Example Implementations:

[0030] Implementation 1: A system comprising: a radially expandable sealing device positioned in a wellbore proximate to a subsurface formation; and one or more fluoroplastic sealing elements positioned on an exterior of the radially expandable sealing device.

[0031] Implementation 2: The system of Implementation 1, further comprising: a casing string positioned in the wellbore; and a plurality of anchoring spikes positioned circumferentially along the exterior of the radially expandable sealing device, wherein the one or more fluoroplastic sealing elements and the plurality of anchoring spikes are configured to form a seal with an inner surface of the casing string.

[0032] Implementation 3: The system of any one or more of Implementations 1-2, wherein the radially expandable sealing device is configured to radially expand to form the seal.

[0033] Implementation 4: The system of any one or more of Implementations 1-3, wherein the one or more fluoroplastic sealing elements are comprised of a thermoplastic material.

[0034] Implementation 5: The system of any one or more of Implementations 1-4, wherein each of the one or more fluoroplastic sealing elements include at least one of

Polytetrafluoroethylene (PTFE), Fluorinated ethylene propylene (FEP), perfluoro alkoxy (PFA), Ethylene tetrafluoroethylene (ETFE), ethylene-chlorotrifluoroethylene (ECTFE), polychlorotrifluoroethylene (PCTFE), and polyvinylidene fluoride (PVDF).

[0035] Implementation 6: The system of any one or more of Implementations 1-5, wherein the one or more fluoroplastic sealing elements are rings positioned circumferentially around the exterior of the radially expandable sealing device.

[0036] Implementation 7: The system of any one or more of Implementations 1-6, wherein the system further includes one or more sealing elements comprised of at least one of a non-fluoropolymer-based thermoplastic and a non-fluoropolymer-based thermosetting plastic, wherein the non-fluoropolymer-based thermoplastics and a non-fluoropolymer-based thermosetting plastics include at least one of polyethylene, polypropylene, nylon, phenolic, and epoxy.

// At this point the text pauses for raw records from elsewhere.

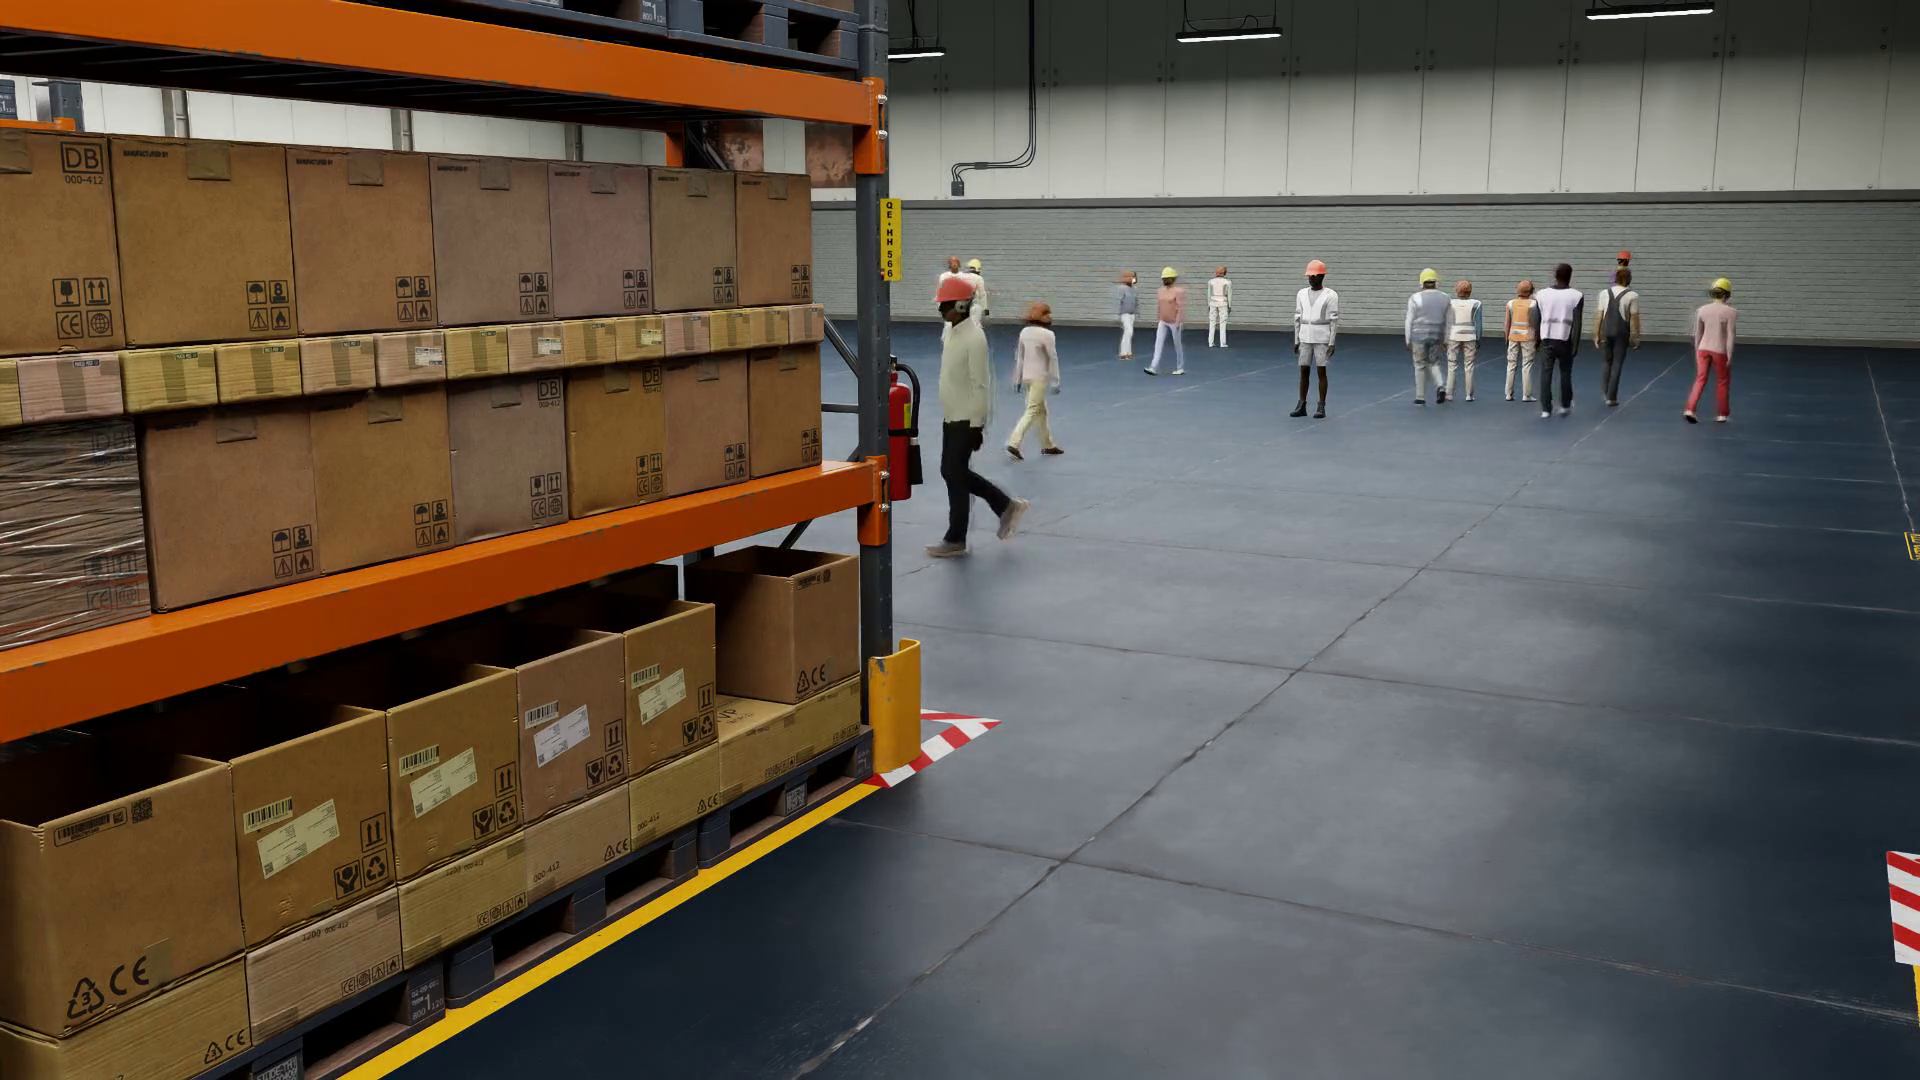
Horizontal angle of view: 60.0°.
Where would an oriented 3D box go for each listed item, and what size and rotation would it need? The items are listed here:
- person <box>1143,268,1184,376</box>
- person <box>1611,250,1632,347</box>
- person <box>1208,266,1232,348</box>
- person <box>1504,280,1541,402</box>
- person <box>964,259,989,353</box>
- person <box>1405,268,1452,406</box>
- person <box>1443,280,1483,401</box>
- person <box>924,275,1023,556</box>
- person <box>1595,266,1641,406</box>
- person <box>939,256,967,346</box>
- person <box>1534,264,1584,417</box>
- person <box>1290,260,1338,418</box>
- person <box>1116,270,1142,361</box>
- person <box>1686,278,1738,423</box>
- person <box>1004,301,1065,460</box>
[{"bbox_3d":[3.310,-3.479,26.571,0.543,1.711,0.895,10,14,43],"label":"person"},{"bbox_3d":[13.292,-4.850,33.465,0.351,1.941,0.545,-1,10,-7],"label":"person"},{"bbox_3d":[5.201,-4.671,33.342,0.509,1.629,0.316,5,12,26],"label":"person"},{"bbox_3d":[7.600,-2.682,22.468,0.522,1.637,0.305,10,14,43],"label":"person"},{"bbox_3d":[0.200,-4.405,31.490,0.827,1.792,0.597,-6,12,-30],"label":"person"},{"bbox_3d":[6.134,-2.646,21.805,0.592,1.812,0.465,-1,10,-8],"label":"person"},{"bbox_3d":[6.793,-2.690,22.496,0.513,1.645,0.307,3,11,15],"label":"person"},{"bbox_3d":[0.087,-0.872,11.673,0.667,1.972,0.623,-3,11,-16],"label":"person"},{"bbox_3d":[8.716,-2.680,21.915,0.637,1.830,0.548,-10,15,-44],"label":"person"},{"bbox_3d":[-0.137,-4.526,31.963,0.591,1.856,0.836,-3,11,-16],"label":"person"},{"bbox_3d":[7.484,-2.496,20.791,0.608,1.871,0.960,6,12,30],"label":"person"},{"bbox_3d":[4.359,-2.465,20.465,0.543,1.939,0.371,7,13,35],"label":"person"},{"bbox_3d":[3.073,-4.006,29.724,0.585,1.610,0.531,10,14,43],"label":"person"},{"bbox_3d":[8.995,-2.241,19.882,0.805,1.754,0.531,-8,13,-37],"label":"person"},{"bbox_3d":[0.744,-1.606,16.729,0.846,1.595,0.516,-7,13,-35],"label":"person"}]

[0037] Implementation 8: The system of any one or more of Implementations 1-7, wherein each of the one or more fluoroplastic sealing elements include a plurality of grooves, wherein the plurality of grooves are configured to move a fluid from a sealing surface of each sealing element.

[0038] Implementation 9: An apparatus comprising: one or more fluoroplastic sealing elements configured for use on an exterior of a radially expandable sealing device, the radially expandable sealing device to be positioned in a wellbore proximate to a subsurface formation.

[0039] Implementation 10: The apparatus of Implementation 9, wherein the one or more fluoroplastic sealing elements are comprised of a thermoplastic material.

[0040] Implementation 11: The apparatus of any one or more of Implementations 9-10, wherein each of the one or more fluoroplastic sealing elements include at least one of

Polytetrafluoroethylene (PTFE), Fluorinated ethylene propylene (FEP), perfluoro alkoxy (PFA), Ethylene tetrafluoroethylene (ETFE), ethylene-chlorotrifluoroethylene (ECTFE), polychlorotrifluoroethylene (PCTFE), and polyvinylidene fluoride (PVDF).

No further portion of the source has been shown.